Etiqueta: comunicación

  • Y lo dejarán ser, ¿o no?

    ¿Me dejarán ser o no me dejarán ser? Decíamos que esta es la pregunta real para nuestro feto, si pudiera hacerse preguntas… pero, por eso mismo, ya nos la hacemos nosotros por él.

    Porque no lo sabemos a ciencia cierta, pero puede que, ya antes de nacer, el feto tenga que ir formando pequeños circuitos neuronales, que no llegan a construir ideas, por lo tanto no puede hacerse preguntas, pero sí que pueda ir acomodando en ellos, algún tipo de simiente lingüística, que le permita alumbrar alguna idea, tan pronto como el cerebro esté maduro, para empezar a funcionar como tal : un instrumento que recibe información del exterior, para ir construyendo conglomerados informáticos… tal que si fueran bits , que una CPU recoge, para ir archivando, hasta cuando tenga el lector necesario.

    ¿Qué otra cosa puede hacer la naturaleza (sea lo que eso sea), que ir blindando en cierto modo los procesos de conocimiento, del feto, que le permitan interpretar las señales que vengan del exterior… empezando por las de su propia madre.

    Un bebé que no mama información en casa no puede ser buen aprendiz en la escuela. ¿Por qué no podemos decir lo mismo de un feto, que llega a bebé sin hacer sus deberes uterinos?

    ¿Le dejará su madre biológica prepararse, para lo que viene, o lo martirizará a ruidos, a golpes desenfrenados, cuando no a la ingestión de diversas drogas, que actúen sobre el cerebro del feto (tan inmaduro aún). Qué acabarán mutilándolo.

  • La tremenda ventaja de ser curioso…

    ¿Y que era lo qué decíamos ayer, sobre la falta de curiosidad? No del feto, ya que él tiene que ser curiosos por obligación biológica, para adaptarse al ambiente… Hablamos de la falta de curiosidad de los padres, de la familia… y de todo ser humano adulto ,que vaya a tener comunicación con el feto… médicos incluidos, claro.

    Y tampoco hablamos ahora del posible e importante paso de escuchar música… hablamos de evitar ruidos excesivos que opacan y, a cambio, sonidos estimulantes. Tanto el feto como el bebé estarán más a gusto si notan que su mamá habla con tranquilidad con su pareja… incluso con un punto de afecto, aunque no requiera articulación de palabras.
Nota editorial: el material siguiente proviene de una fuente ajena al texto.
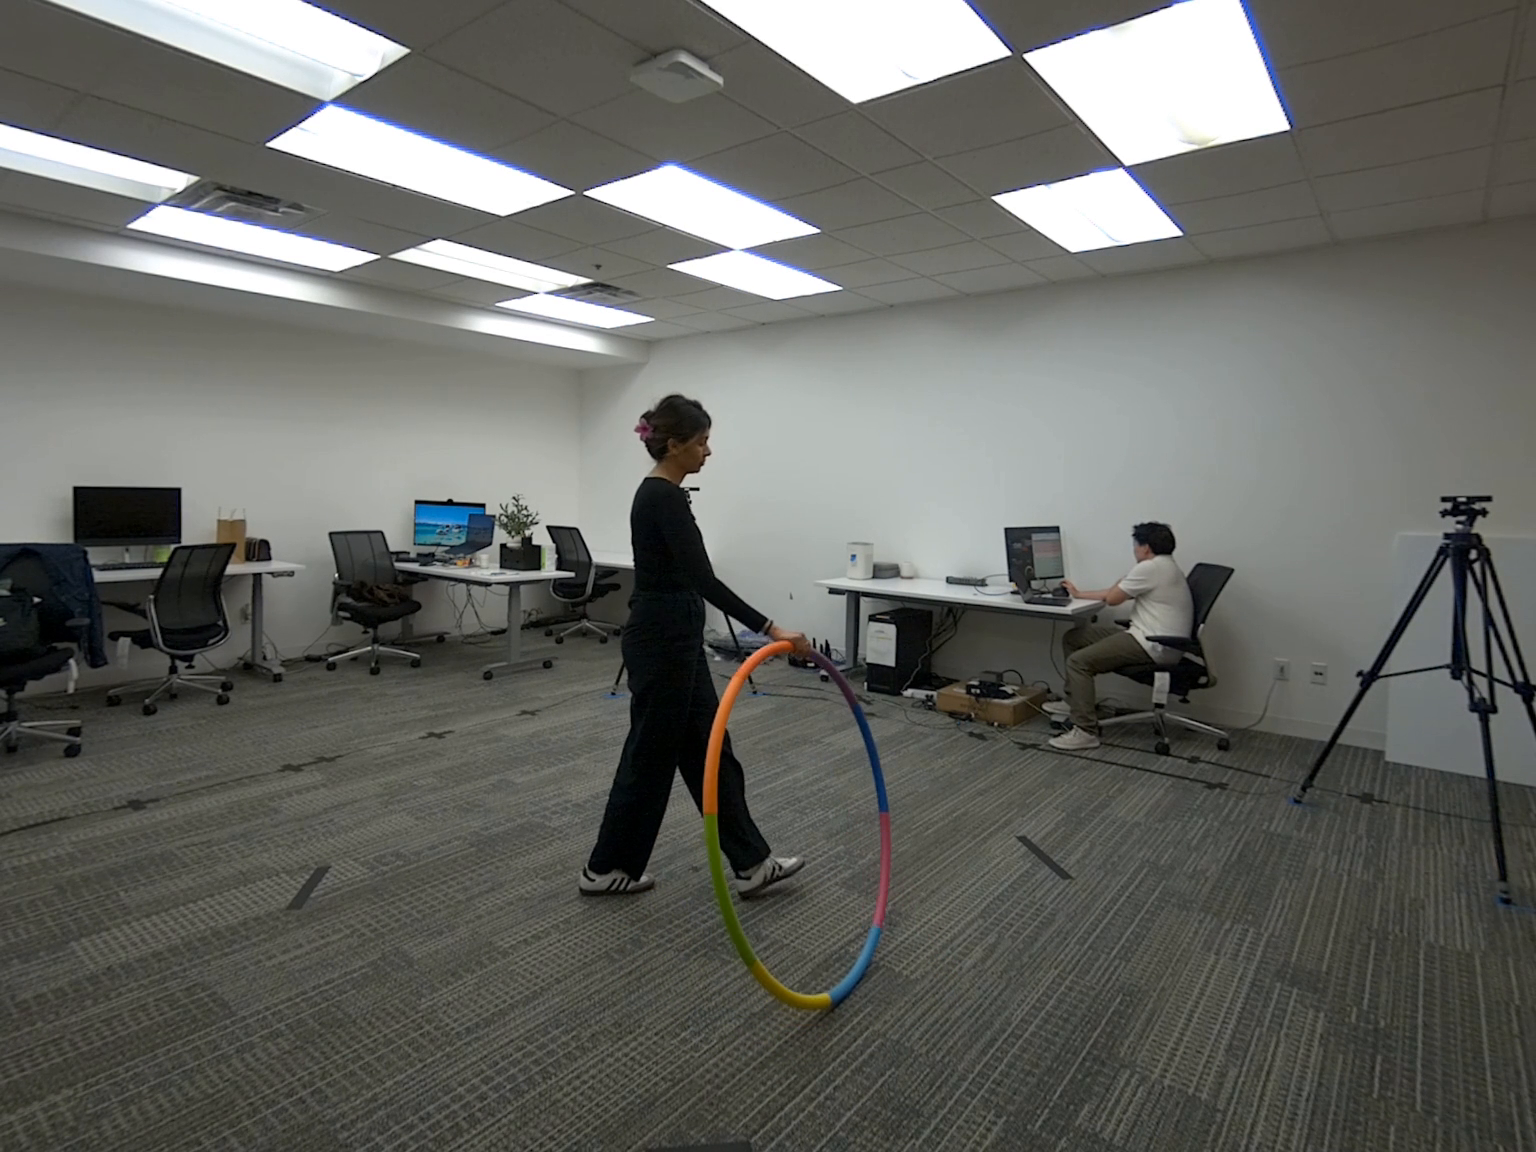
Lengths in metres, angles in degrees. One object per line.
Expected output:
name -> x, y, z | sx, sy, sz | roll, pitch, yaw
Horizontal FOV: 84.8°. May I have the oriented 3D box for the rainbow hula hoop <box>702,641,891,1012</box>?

    Es evidente que un feto tranquilo, relajado, puede dedicar más tiempo a ir madurando diversas capacidades, que necesitará una vez nacido : un lenguaje (aunque sea de sonidos), un vínculo emocional con la madre, y hasta, por qué no, ir mejorando su sistema inmunitario, aprovechando los aportes nutritivos de la madre.

    Desde luego ya está bien de considerar a la curiosidad como un vicio de ciertos sabios, en vez de tener en cuenta que es una pieza esencial (un biogén), para la adaptación positiva del ser humano.

    ¿Realmente queremos mejorar la vida del feto? Y, ya puestos, ¿qué es eso de llamarle bebé a un feto? Podíamos empezar por ser algo más científicos… ¡o hacernos todos paracientíficos!

  • Pero…¿vemos lo que hay adentro?

    Y no solo hablamos de ver el feto… aunque sea en una ecografía. ¿Sabremos leer toda la información que ese cuerpecito trae consigo?

    Una vez formado el núcleo de su cerebro, ¿qué es lo primero que siente, antes incluso de poder formar un conato de pensamiento?

    Qué tipo de sensaciones hacen surcos en su mente, generando circuitos neuronales, donde almacenar esos datos que le vienen del corazón materno? Prevalece el susto a lo nuevo, sobre la curiosidad que ya su ADN le debe estar indicando, dada la necesidad de adaptarse al ambiente… intentar establecer, por ejemplo, una mínima comunicación con las señales que emite lo que él aún no sabe es su madre.

    No sabe lo que es, pero está muy claro que la naturaleza no gastó millones de años experimentando con el ADN de un ser vivo, para que no le obligue, lo más rápido posible, a descifrar si es algo positivo o negativo, en este caso, ese ruido que le está llegando de su propia madre… y desde muy cerca, aunque no tenga noción de distancia. por ahora… le toca precisamente hacer lo posible por que su cerebro vaya haciéndose operativo… en ello le va su vida futura.

    Así que, simplificando la situación, tenemos un ser vivo que busca desesperadamente entender lo que significan las señales que vienen a través del líquido amniótico… ¿Estará haciendo lo mismo su madre?¿O ella estará abrumada por su situación de preñada?… incluso demasiado abrumada… ¿Quién se puede fiar de un adulto (aunque sea mujer)?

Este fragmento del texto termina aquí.